Dengan begitu, semakin memperkuat posisi tinju Indonesia secara hukum dan administratif di tingkat nasional.
Menurut Ray, ini adalah awal dari perjalanan panjang untuk mengembalikan kejayaan tinju Indonesia.

“Kita sudah berada di jalur yang sah. Tinggal bagaimana kita manfaatkan akses ini dengan sistem yang terukur dan pembinaan yang serius,” ujarnya.

Petinju Butuh Panggung Dunia

Ray menegaskan untuk menjadi juara, atlet membutuhkan pengalaman internasional. PERBATI berjanji akan mengirimkan atlet ke berbagai turnamen luar negeri agar kemampuan dan mental mereka semakin teruji.

“Kita tidak bisa hanya mengandalkan pelatnas. Petinju kita harus sering bertanding di luar. Itu cara terbaik mengasah mental dan teknik,” jelas Ray.

Cetak Pelatih Internasional, Gratis untuk Semua

Tak hanya atlet, Ray juga membuka kesempatan luas bagi para pelatih di seluruh Indonesia. Dalam waktu dekat, PERBATI akan menggelar program penataran pelatih nasional dengan mendatangkan instruktur dari World Boxing, yang dibuka gratis tanpa pungutan biaya.

“Siapa pun pelatih boleh ikut. Kita ingin mencetak pelatih-pelatih bersertifikat internasional, karena kualitas pelatih menentukan kualitas atlet,” tegasnya.

Internal Solid, Dukungan Tokoh Mengalir

Sekjen PERBATI Hengky Silatang menyambut keanggotaan World Boxing sebagai awal dari fase profesionalisasi organisasi.

“Kita kembali ke jalur resmi.
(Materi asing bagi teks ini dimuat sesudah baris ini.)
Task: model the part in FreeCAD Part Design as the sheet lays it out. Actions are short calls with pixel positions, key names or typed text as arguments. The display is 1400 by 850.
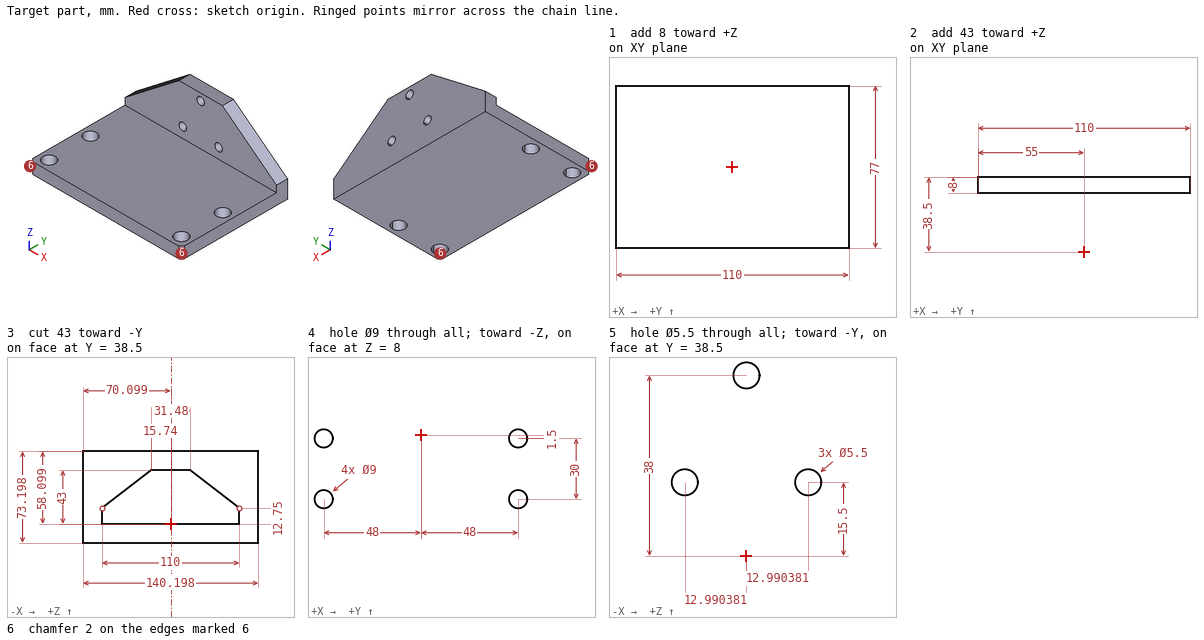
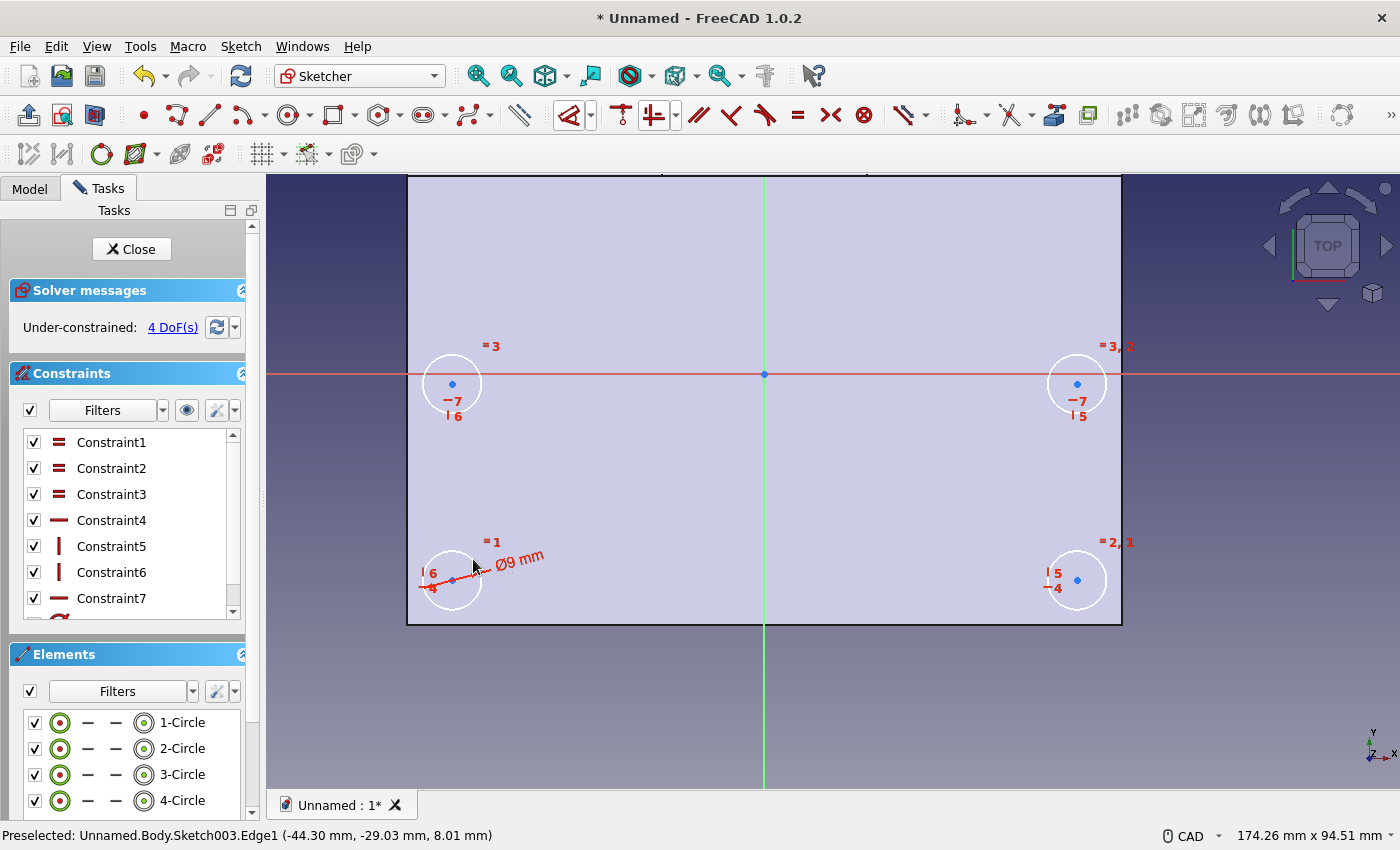
click(452, 580)

Sekarang saatnya membangun ekosistem pembinaan yang berjenjang dan terstruktur,” katanya.

Ketua Harian PERBATI Novian Herbowo menambahkan pembinaan akan menyentuh semua lapisan dari tingkat daerah, klub, hingga pusat.

“Kita hidupkan kompetisi daerah, kejuaraan antarklub, dan scouting usia dini. Sistem tidak bisa hanya di atas, harus dibangun dari bawah,” ungkapnya.

Harapan dari Seorang Legenda

Bagi Syamsul Anwar, langkah-langkah yang dilakukan PERBATI di bawah kepemimpinan Ray adalah sesuatu yang sudah lama diharapkan sebagai mantan atlet nasional. Ia optimistis PERBATI bisa membawa tinju menembus Olimpiade.

“Selama ini kita punya potensi, tapi tidak ada wadah. Sekarang semua terbuka. Saya optimis kalau ini konsisten dijalankan, petinju Indonesia bukan hanya bisa ke Olimpiade, tapi juga punya peluang bicara banyak di sana,” tutupnya.

Dengan struktur yang kuat, strategi yang konkret, dan semangat kolaborasi antar generasi, PERBATI kini menjadi simbol baru kebangkitan tinju Indonesia dari ring lokal menuju ring dunia.